[Data extracted from a collection]

━━━━

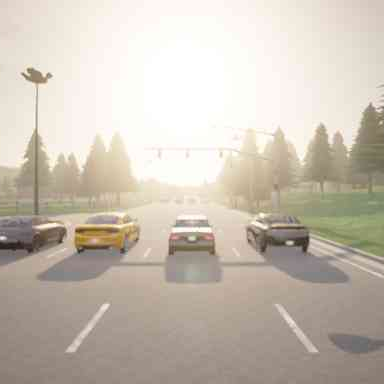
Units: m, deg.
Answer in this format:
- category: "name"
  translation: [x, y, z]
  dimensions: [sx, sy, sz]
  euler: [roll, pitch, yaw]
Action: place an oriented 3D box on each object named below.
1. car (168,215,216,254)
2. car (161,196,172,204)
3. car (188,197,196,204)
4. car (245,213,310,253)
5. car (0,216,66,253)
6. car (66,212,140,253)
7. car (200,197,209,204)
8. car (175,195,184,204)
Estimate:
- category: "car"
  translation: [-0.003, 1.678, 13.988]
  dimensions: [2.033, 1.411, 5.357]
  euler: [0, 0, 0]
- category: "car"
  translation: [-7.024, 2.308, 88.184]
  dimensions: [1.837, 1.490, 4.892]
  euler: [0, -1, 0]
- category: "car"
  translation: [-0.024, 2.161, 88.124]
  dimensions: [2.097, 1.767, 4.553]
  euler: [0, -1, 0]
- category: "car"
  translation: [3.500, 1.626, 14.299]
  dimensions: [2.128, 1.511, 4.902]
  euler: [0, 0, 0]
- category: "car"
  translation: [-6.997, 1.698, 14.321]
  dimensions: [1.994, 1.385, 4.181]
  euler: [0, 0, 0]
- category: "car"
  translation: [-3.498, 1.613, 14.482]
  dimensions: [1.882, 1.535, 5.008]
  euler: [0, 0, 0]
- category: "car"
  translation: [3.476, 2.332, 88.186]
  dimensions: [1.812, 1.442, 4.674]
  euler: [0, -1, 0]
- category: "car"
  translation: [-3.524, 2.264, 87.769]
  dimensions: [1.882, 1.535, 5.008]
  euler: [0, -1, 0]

━━━━

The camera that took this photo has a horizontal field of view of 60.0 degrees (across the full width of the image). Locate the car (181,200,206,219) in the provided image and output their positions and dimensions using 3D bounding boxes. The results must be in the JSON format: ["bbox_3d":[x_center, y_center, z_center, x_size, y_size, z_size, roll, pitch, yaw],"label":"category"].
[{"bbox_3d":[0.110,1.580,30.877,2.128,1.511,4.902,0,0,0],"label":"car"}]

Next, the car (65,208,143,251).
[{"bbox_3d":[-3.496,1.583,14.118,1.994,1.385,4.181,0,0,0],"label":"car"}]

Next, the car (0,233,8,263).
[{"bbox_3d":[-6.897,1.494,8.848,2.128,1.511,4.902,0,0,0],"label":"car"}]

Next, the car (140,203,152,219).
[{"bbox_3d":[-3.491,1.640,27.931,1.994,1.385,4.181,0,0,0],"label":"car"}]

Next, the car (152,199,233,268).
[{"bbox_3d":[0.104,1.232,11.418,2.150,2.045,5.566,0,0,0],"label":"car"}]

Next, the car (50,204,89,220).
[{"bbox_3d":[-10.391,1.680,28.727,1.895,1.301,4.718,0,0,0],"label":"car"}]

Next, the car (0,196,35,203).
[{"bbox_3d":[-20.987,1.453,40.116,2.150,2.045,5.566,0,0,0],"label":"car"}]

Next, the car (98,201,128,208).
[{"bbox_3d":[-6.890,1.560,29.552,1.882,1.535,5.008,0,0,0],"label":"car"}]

━━━━

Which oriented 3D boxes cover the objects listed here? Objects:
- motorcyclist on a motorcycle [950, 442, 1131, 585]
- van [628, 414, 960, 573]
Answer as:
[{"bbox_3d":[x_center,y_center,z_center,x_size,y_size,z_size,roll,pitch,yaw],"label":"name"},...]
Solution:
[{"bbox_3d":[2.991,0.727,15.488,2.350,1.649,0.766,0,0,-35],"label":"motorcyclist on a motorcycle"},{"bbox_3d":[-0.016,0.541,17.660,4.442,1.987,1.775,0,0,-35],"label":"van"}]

━━━━

(What you will do)
Would you retype exactly the lines above, from the line with "dimensions: [sx, sy, sz]" to the line with "8. car (175,195,184,204)", with both end lines kept and nothing more?

(Response for this exercise)
  dimensions: [sx, sy, sz]
  euler: [roll, pitch, yaw]
Action: place an oriented 3D box on each object named below.
1. car (168,215,216,254)
2. car (161,196,172,204)
3. car (188,197,196,204)
4. car (245,213,310,253)
5. car (0,216,66,253)
6. car (66,212,140,253)
7. car (200,197,209,204)
8. car (175,195,184,204)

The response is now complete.